Is there a way for me to make the management account an enabled FileVault 2 user? Then I could follow the kbase article.

flyboy
Contributor

@ryoshioka, you'd have to know the FIlevault password of the account that's already enabled. You could then use the inputplist functionality of fdesetup to add the management account to FileVault. That's what we do in this situation.

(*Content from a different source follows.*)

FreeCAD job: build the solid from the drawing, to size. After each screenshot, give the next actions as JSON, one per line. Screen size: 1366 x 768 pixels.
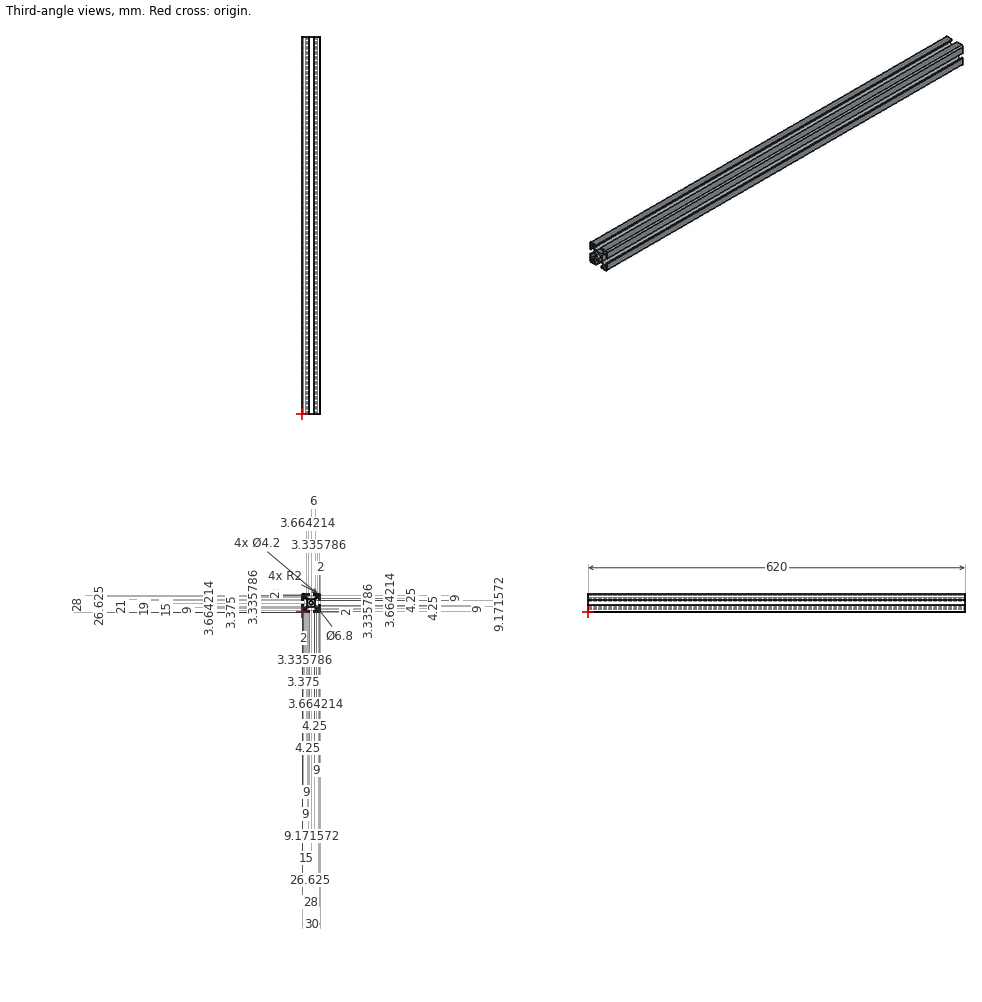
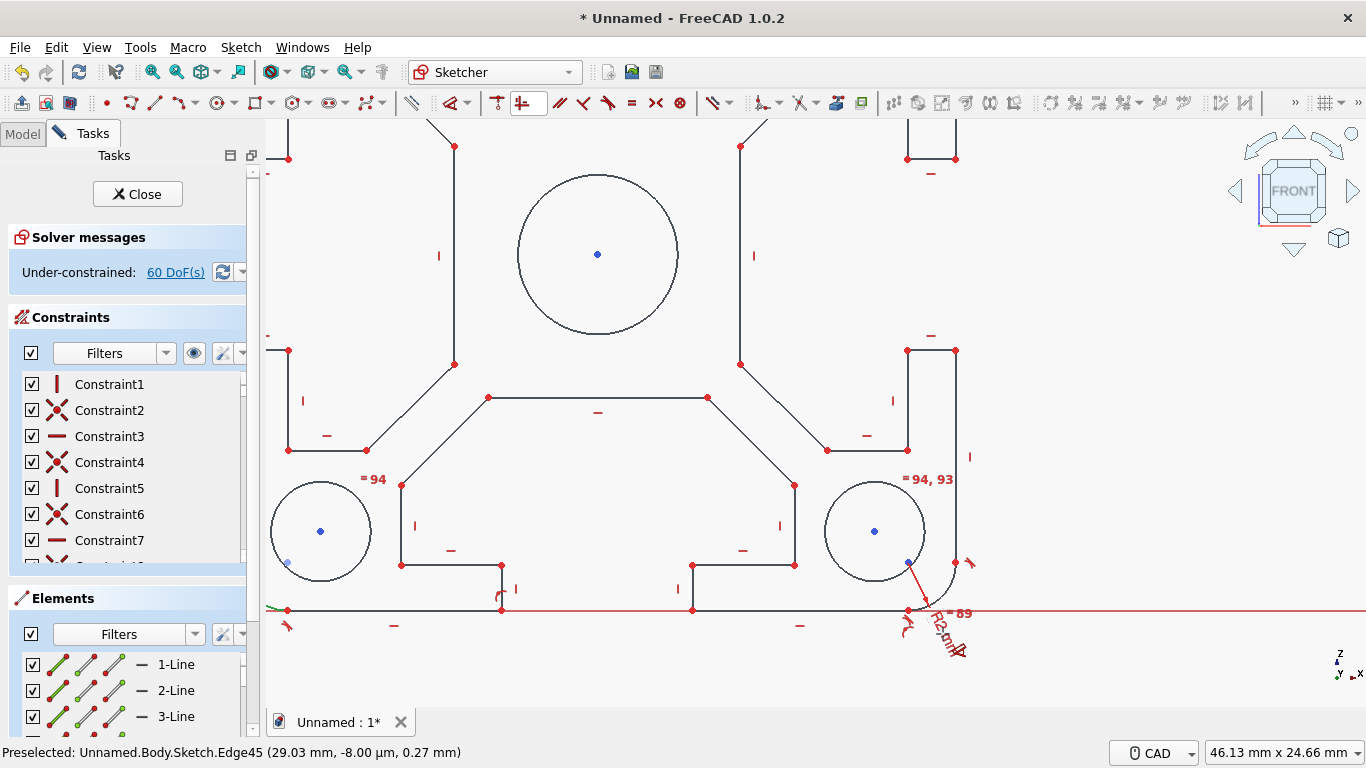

For Example, I have a policy that runs the below script to add our management account to FV. You can extend this script with a little user interaction to prompt them for their current filevault credentials.

#!/bin/bash
set -o nounset                              # Treat unset variables as an error

if [[ $EUID -ne 0 ]]; then
    echo "This script must be run as root"
    exit 1
fi

PLIST_TEMP=`mktemp PL.XXXXXXX`

cat << EOF > $PLIST_TEMP
<?xml version="1.0" encoding="UTF-8"?>
<!DOCTYPE plist PUBLIC "-//Apple//DTD PLIST 1.0//EN" "http://www.apple.com/DTDs/PropertyList-1.0.dtd">
<plist version="1.0">
<dict>
<key>Username</key>
<string>filevault_username</string>
<key>Password</key>
<string>filevault_password</string>
<key>AdditionalUsers</key>
<array>
    <dict>
        <key>Username</key>
        <string>management_account</string>
        <key>Password</key>
        <string>management_password</string>
    </dict>
</array>
</dict>
</plist>
EOF

/usr/bin/fdesetup add -inputplist < $PLIST_TEMP

srm -m $PLIST_TEMP

Just make sure to update the username and password keys for your environment.

If you need to later remove the management account you can do it with this script:

#!/bin/bash
set -o nounset                              # Treat unset variables as an error

if [[ $EUID -ne 0 ]]; then
    echo "This script must be run as root"
    exit 1
fi

PLIST_TEMP=`mktemp PL.XXXXXXX`

cat << EOF > $PLIST_TEMP
<?xml version="1.0" encoding="UTF-8"?>
<!DOCTYPE plist PUBLIC "-//Apple//DTD PLIST 1.0//EN" "http://www.apple.com/DTDs/PropertyList-1.0.dtd">
<plist version="1.0">
<dict>
<key>Username</key>
<string>filevault_username</string>
<key>Password</key>
<string>filevault_password</string>
<key>AdditionalUsers</key>
</dict>
</plist>
EOF

/usr/bin/fdesetup remove -user management_account < $PLIST_TEMP
srm -m $PLIST_TEMP

ryoshioka
New Contributor III

@Berrier, gotcha. I'll have to test these out on a test device before rolling this out to our users.

ryoshioka
New Contributor III

Finally got a chance to test your script, worked like a charm! Thank you very much.

flyboy
Contributor

@ryoshioka, excellent! You're welcome!